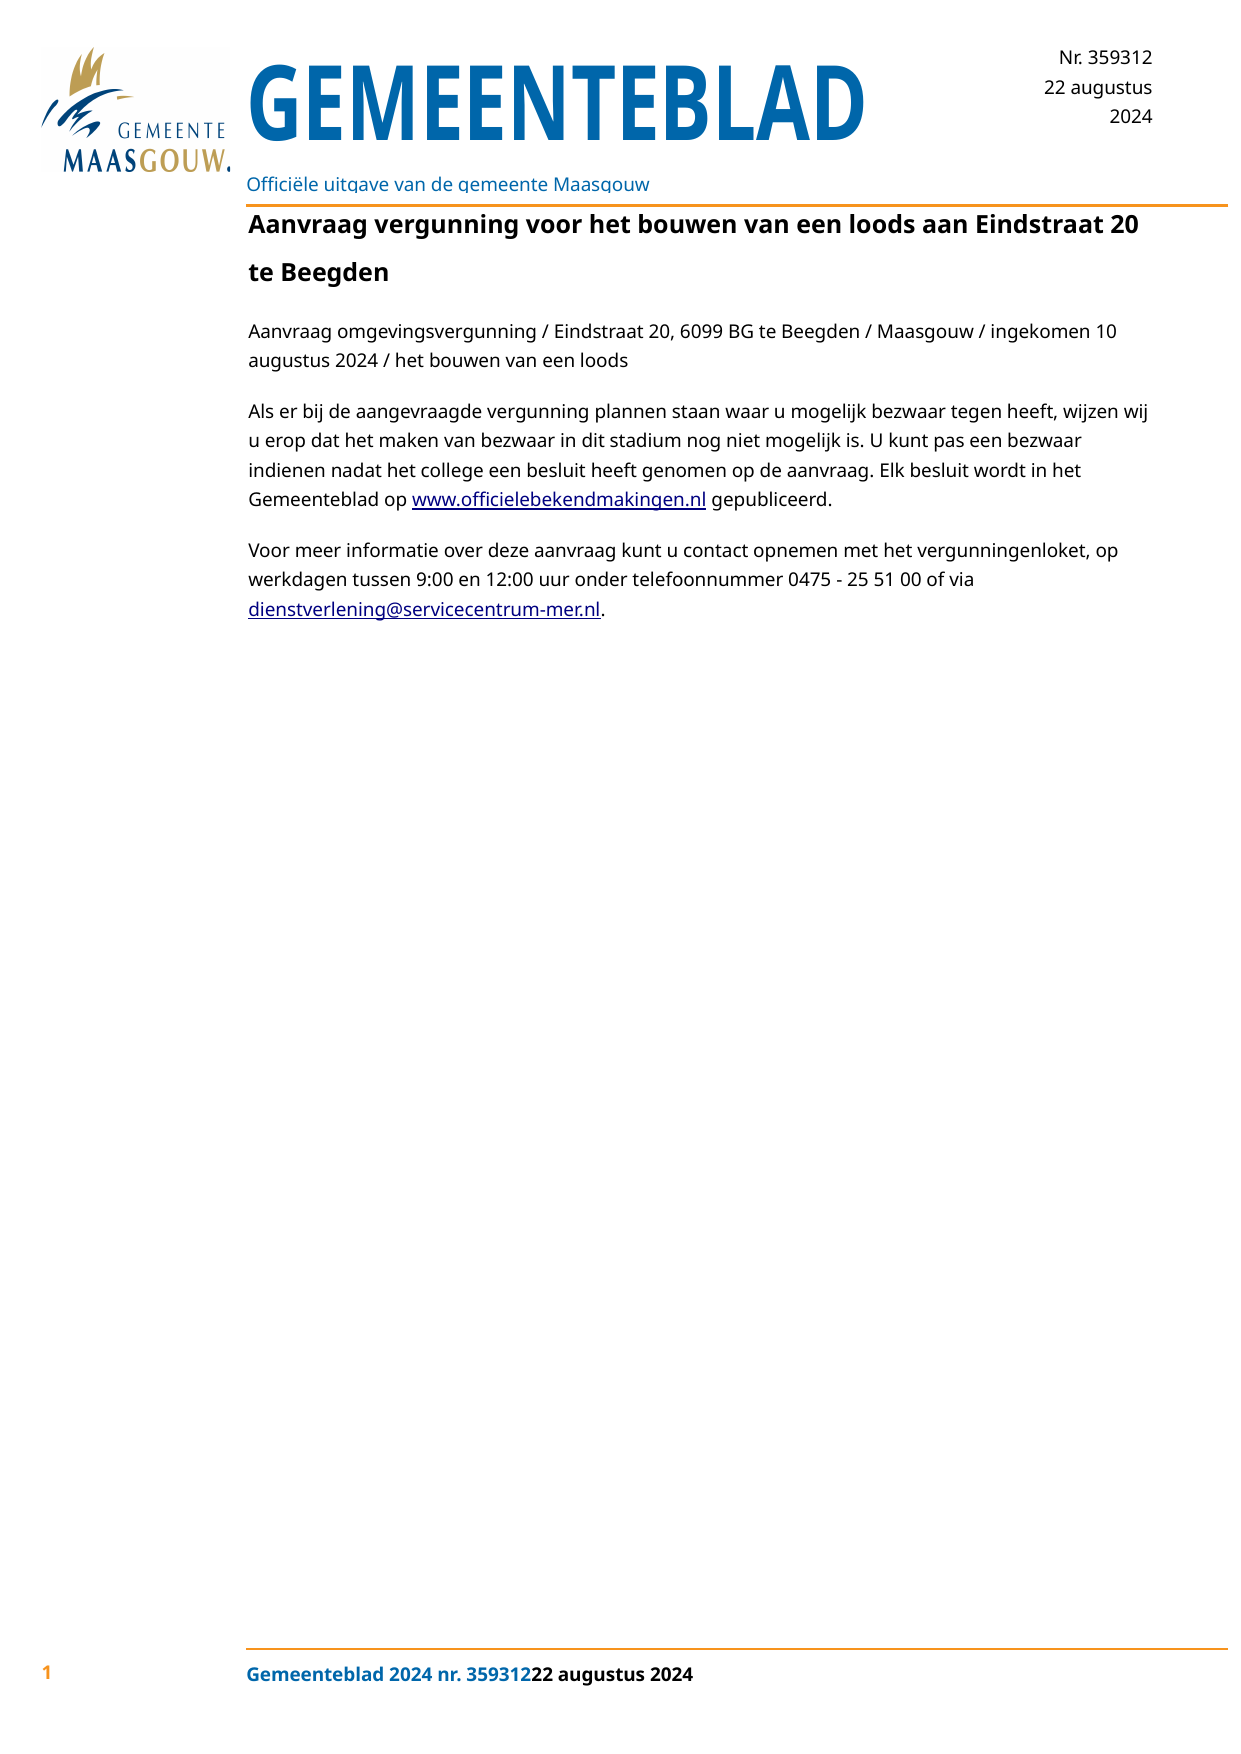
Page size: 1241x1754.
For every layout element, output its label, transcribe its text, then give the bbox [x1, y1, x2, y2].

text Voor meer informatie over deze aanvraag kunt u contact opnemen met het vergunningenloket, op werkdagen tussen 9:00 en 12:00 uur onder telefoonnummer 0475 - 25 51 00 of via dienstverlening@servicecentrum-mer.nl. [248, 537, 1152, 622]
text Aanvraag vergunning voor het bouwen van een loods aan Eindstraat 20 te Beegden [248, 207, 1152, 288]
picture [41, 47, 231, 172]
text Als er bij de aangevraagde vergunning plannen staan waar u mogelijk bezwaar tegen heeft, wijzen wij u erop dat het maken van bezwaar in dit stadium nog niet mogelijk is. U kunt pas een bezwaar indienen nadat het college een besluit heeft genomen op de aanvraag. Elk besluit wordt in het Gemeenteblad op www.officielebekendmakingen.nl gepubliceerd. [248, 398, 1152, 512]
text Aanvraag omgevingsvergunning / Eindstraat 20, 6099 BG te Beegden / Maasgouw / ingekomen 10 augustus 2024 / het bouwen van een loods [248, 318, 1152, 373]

-*-*-

## WHAT TO PRODUCE:
The entries above are to be retyped exactly, with each picture left out.

## FINAL ANSWER:
Page size: 1241x1754.
For every layout element, output its label, transcribe its text, then give the bbox [x1, y1, x2, y2].

text Voor meer informatie over deze aanvraag kunt u contact opnemen met het vergunningenloket, op werkdagen tussen 9:00 en 12:00 uur onder telefoonnummer 0475 - 25 51 00 of via dienstverlening@servicecentrum-mer.nl. [248, 537, 1152, 622]
text Aanvraag vergunning voor het bouwen van een loods aan Eindstraat 20 te Beegden [248, 207, 1152, 288]
picture [41, 47, 231, 172]
text Als er bij de aangevraagde vergunning plannen staan waar u mogelijk bezwaar tegen heeft, wijzen wij u erop dat het maken van bezwaar in dit stadium nog niet mogelijk is. U kunt pas een bezwaar indienen nadat het college een besluit heeft genomen op de aanvraag. Elk besluit wordt in het Gemeenteblad op www.officielebekendmakingen.nl gepubliceerd. [248, 398, 1152, 512]
text Aanvraag omgevingsvergunning / Eindstraat 20, 6099 BG te Beegden / Maasgouw / ingekomen 10 augustus 2024 / het bouwen van een loods [248, 318, 1152, 373]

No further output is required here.